By placing the Microsoft applications such as Office into an entity ("AppsCo") that is financially distinct from any operating system entity, the remedy ensures that AppsCo will have the incentive to provide applications for other operating systems, such as Linux and the Mac OS. That is, Microsoft will no longer be able to ensure that its applications run only on Windows, thereby depriving Microsoft of critical means of raising and maintaining the applications barrier to entry to rival operating systems. By creating three separate operating systems entities ("WinCos"), the proposed remedy acts to ensure that at the outset, there will be competition in the sale of operating systems.

Why three OS entities? The experience of having just two competitors in a market, such as the duopoly that used to exist in the wireless telecommunications business before the number of licenses was expanded, suggests that having only two competitors in a market is not a reliable protection against monopoly. Significant price and/or quality competition does not generally appear until there are at least three firms. Moreover, in light of the significant barriers to new entry into the OS market, having three competitors provides a margin of safety. With only two competitors, if one stumbles and fails, the market would then revert back into a full-blown monopoly. In addition, with three competitors, the market is less likely to tip back to an operating system monopoly.

Full divestiture would completely meet the remedy goals in the case:

      --It would immediately (upon a final verdict) create competition in the OS market. Because even a small increase in the relative price or quality by one of the Windows companies could easily have a substantial impact on its sales, the three-way company split would stimulate price and quality competition in operating systems.

      --Full divestiture would essentially nullify the applications barrier to entry. The barrier would be removed because, at the outset, developers would be able to write programs for all of the WinCos simultaneously. None of the WinCos would have an initial installed base advantage.

      --Full divestiture would allow the market to develop unfettered from judicial oversight or other forms of intrusive regulation that accompany a conduct decree.

In a matter this complex, a conduct decree will inevitably require that the court at some point become mired in various complex claims, such as whether a particular API is really covered by one of the exceptions in the decree, or that its disclosure is more difficult than initially contemplated, or that in any event, a waiver is justified in light of the benefits obtained. Even if the court sets deadlines, Microsoft can be expected to provide testimony from its managers claiming "unexpected" technical difficulties or that bugs have slowed the company down. It will be difficult for the court to sort out fact from exaggeration when such disputes arise. And the court will inevitably become the analog to Judge Greene's oversight of the AT&T decree, generating full employment for lawyers, economists, and software engineers.

Certain criticisms of the full divestiture option have been raised, none of which we believe should hold back implementation of full divestiture.
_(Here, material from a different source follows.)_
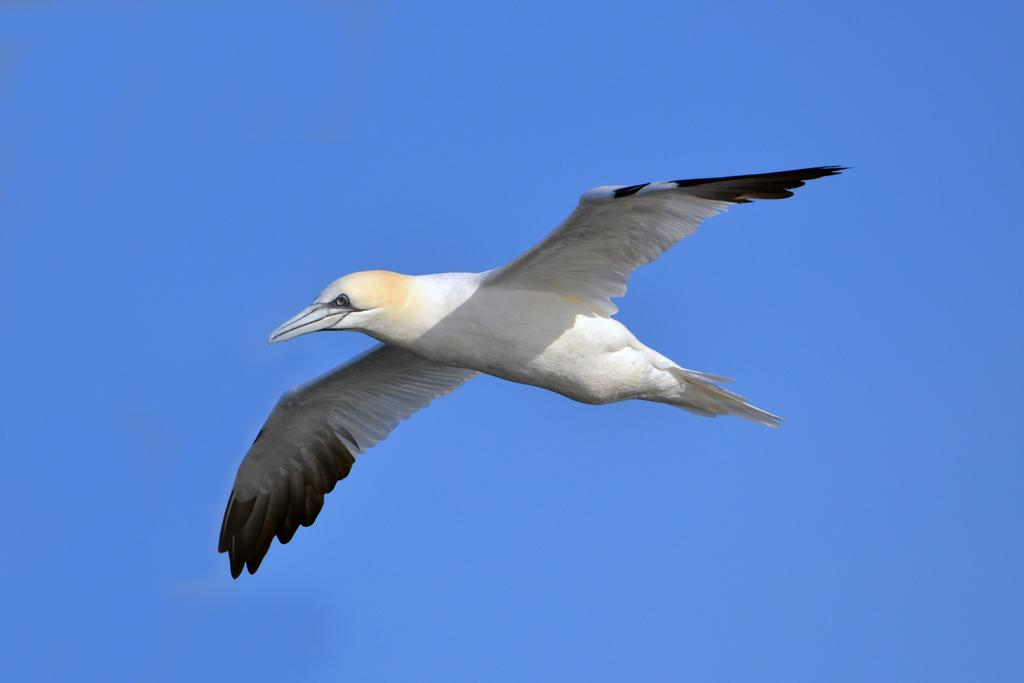What is the main subject of the image? The main subject of the image is a bird flying in the air. Can you describe the bird's activity in the image? The bird is flying in the air. What can be seen in the background of the image? The sky is visible in the background of the image, and it is clear and blue. What type of joke is the bird telling in the image? There is no indication in the image that the bird is telling a joke, as birds do not have the ability to tell jokes.

The first criticism is that the creation of multiple Windows companies would "fragment" what is the Windows "standard" and lead to incompatible operating systems that would raise costs to ISVs and users.96 On closer analysis, this criticism is not compelling. At bottom, this fragmentation critique is actually an attack on any remedy that fosters OS competition. It is competition, not the structural remedy, that arguably leads to fragmentation. And the argument simply assumes that competition would lead to significant OS incompatibilities among the three WinCos. This assumption is unwarranted. In the short run, there would not be a fragmentation problem because each of the Windows companies would be using the same existing APIs. Over the longer run, the economies of scale and network externalities (i.e., the large installed base of current Windows users) would create a powerful tendency for the WinCos to maintain a high level of compatibility and interoperability, if not an absolutely unitary OS standard. This would allow applications software developers to write programs for each operating system with minimum additional porting costs. Meanwhile, to the extent innovation in operating systems occurs, it is likely that new features would be added in "modular" fashion, so that the current core aspects of the operating system would retain their common APIs.97 In any event, if innovation is the "price" for fragmentation, then that is a good outcome because it will be competition at work.

The second criticism is that the break up of a unitary company like Microsoft would be disruptive and lead to redundancy in operating units. We agree that some disruption would be involved in the divestiture and that there would be some redundancy among the WinCos.98

However, we believe that the resulting increase in competition and elimination of the ongoing need for the court to monitor, if not regulate, Microsoft makes these costs worth bearing. In any event, Microsoft has likely exaggerated these costs. For example, a writer for the Wall Street Journal reported that "at least a dozen top managers" at Microsoft are of the view that the company should be reorganized into smaller, competing units as a way of fostering more rapid innovation.99 In addition, relative to other firms, divestiture here is easier to implement because Microsoft's key assets are embodied in its intellectual property, which can be shared rather than divided. This issue can be examined in more detail at the remedy hearing.

A related criticism might be that while the intellectual property may be easy to divide among the WinCos, allocating the employees to the three entities in a way that will maintain their viability would be more problematic. Here, too, these concerns overstate the realistic difficulties of implementing this remedy. The critical employees may be higher-level managers, among whom there is enough shared knowledge about the development and deployment of new operating systems to permit them to manage the new companies. Further, there is likely to be enough lead time between adoption of the remedy and its implementation to ensure symmetry in knowledge among the managers of the WinCos. Finally, we suspect that other companies, notably the remaining major middleware, netware and applications firms, are likely to jump at the chance to acquire a license on reasonable terms for the current version of Windows. At a minimum, before the divestiture remedy is written off for this reason, an inquiry into the willingness of others to license Windows ought to be made.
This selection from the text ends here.